Bak emrediyor: Daldığın alemden uyan ki,
Mutlak seveceksin beni, bundan kaçamazsın.."Alt dudağımı ısırırken derince bir iç çekmeye çalışmıştım. Şimdi ağlarsam her şeyi berbat etmiş olurdum, öyle değil mi? Evet. Bu yüzden yine en iyi oynadığım rolü üstlenecektim: bir şey yokmuş gibi davranmak.
"Kırmızı bir mürekkep düştüğü bardaktaki suyu kırmızı yapıyorsa, sevgi de düştüğü kalbi kendi rengine boyamaz mı?"

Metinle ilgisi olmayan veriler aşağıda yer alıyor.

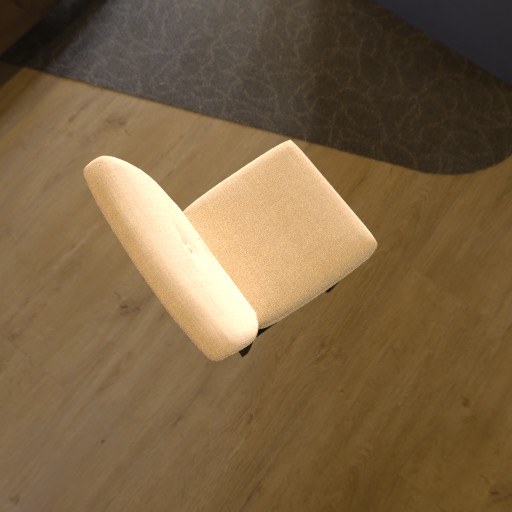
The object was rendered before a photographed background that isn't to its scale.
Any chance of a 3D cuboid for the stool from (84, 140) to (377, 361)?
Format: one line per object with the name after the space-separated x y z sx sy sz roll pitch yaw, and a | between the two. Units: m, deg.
0.000 0.000 1.468 0.603 1.124 0.516 -35 77 -9 | stool
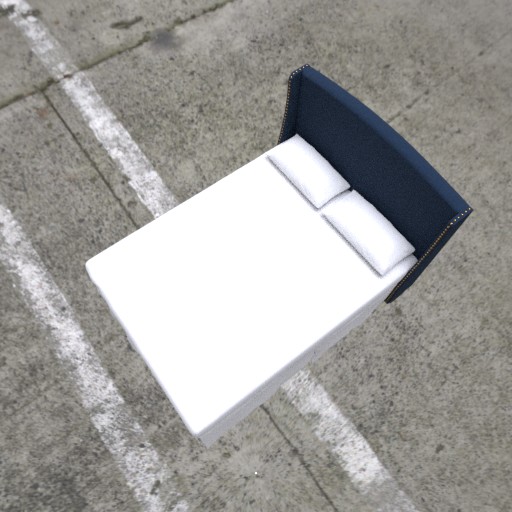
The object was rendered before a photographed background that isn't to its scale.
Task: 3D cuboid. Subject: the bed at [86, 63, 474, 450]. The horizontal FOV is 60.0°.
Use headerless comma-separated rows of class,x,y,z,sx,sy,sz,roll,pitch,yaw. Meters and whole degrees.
bed,0.000,0.000,3.261,2.223,1.402,1.604,-34,69,-15
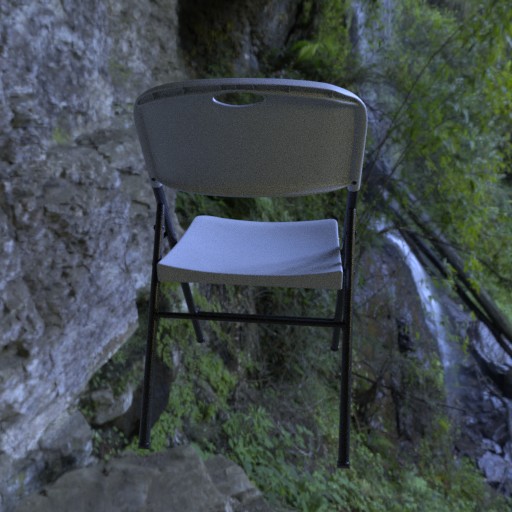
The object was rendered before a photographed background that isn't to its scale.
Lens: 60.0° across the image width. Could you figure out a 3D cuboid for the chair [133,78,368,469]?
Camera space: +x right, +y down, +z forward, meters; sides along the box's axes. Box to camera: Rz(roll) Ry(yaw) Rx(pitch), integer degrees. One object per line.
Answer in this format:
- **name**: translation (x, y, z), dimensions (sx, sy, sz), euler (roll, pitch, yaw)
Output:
- **chair**: translation (0.000, 0.000, 1.146), dimensions (0.494, 0.810, 0.566), euler (2, 17, 7)

İlgiyle bana baktığını hissediyordum fakat sırtım göğsünde olduğu için yüzünü göremiyordum. Kaldı ki doğrudan yüzüme bakıyor olsa bu kadar cesur olamazdım zaten. Onun çözümlemesi gereken şiire burnumu sokmam bile başlıca heyecanlandırıyordu beni.
"Bence şair ne demek istiyor biliyor musun?" Daha rahat bir pozisyon için hafifçe hareketlendiğimde biraz kenara kaymış, artık isterse yüzümü görebileceği bir yere geçmiştim. Fakat ben hâlâ kitaba ve sayfayı okşayan parmaklarına bakmayı tercih ediyordum. Böylelikle daha rahat devam ettirebilirdim cümlelerimi.

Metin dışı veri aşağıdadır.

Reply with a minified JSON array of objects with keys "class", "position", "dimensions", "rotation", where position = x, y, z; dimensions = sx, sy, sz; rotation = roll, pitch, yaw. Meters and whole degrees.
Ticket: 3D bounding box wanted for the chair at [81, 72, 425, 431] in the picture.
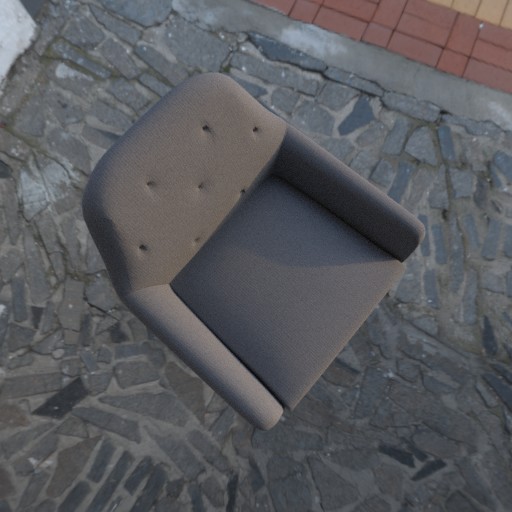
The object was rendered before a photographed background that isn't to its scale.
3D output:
[{"class":"chair","position":[0.000,0.000,1.418],"dimensions":[0.779,0.800,0.770],"rotation":[40,79,9]}]

"Bu sevgi benim kalbimden taştı, beni aştı artık. Taşan bu sevgi önce sana varacak; parmak uçlarından sana dokunacak, yavaş yavaş seni saracak, göğsünden kalbine inecek ve kalbinde ne var ne yok dışarı atıp bütün kalbini benim sevgimle dolduracak. Ve sen göreceksin ki tüm bundan sonra baştan ayağa benim sevgimle boyanmışsın. Kalbinde benim sevgimden başka hiçbir şey kalmamış."

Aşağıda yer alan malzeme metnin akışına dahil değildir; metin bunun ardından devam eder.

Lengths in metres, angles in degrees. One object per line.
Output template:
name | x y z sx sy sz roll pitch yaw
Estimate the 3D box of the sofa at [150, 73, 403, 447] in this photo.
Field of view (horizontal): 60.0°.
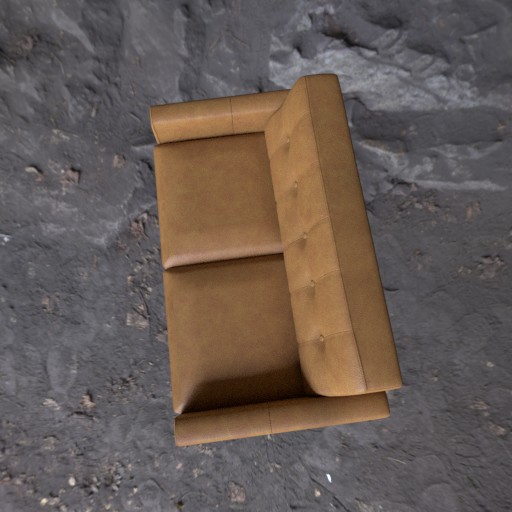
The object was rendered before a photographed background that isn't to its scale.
sofa | 0.000 0.000 2.234 0.952 0.925 1.651 -7 75 -2

Tahmin ettiğim ve izin verdiğim gibi bakışları tamamen yüzümdeydi artık. Çözümlemem öyle içtendi ki, eğer diğerleri bizi dinliyor olsa sahiden de Minho'ya açıldığımı düşünebilirlerdi. Minho bile. Sahi, fırsattan istifade etsem ne olurdu ki tam şu an?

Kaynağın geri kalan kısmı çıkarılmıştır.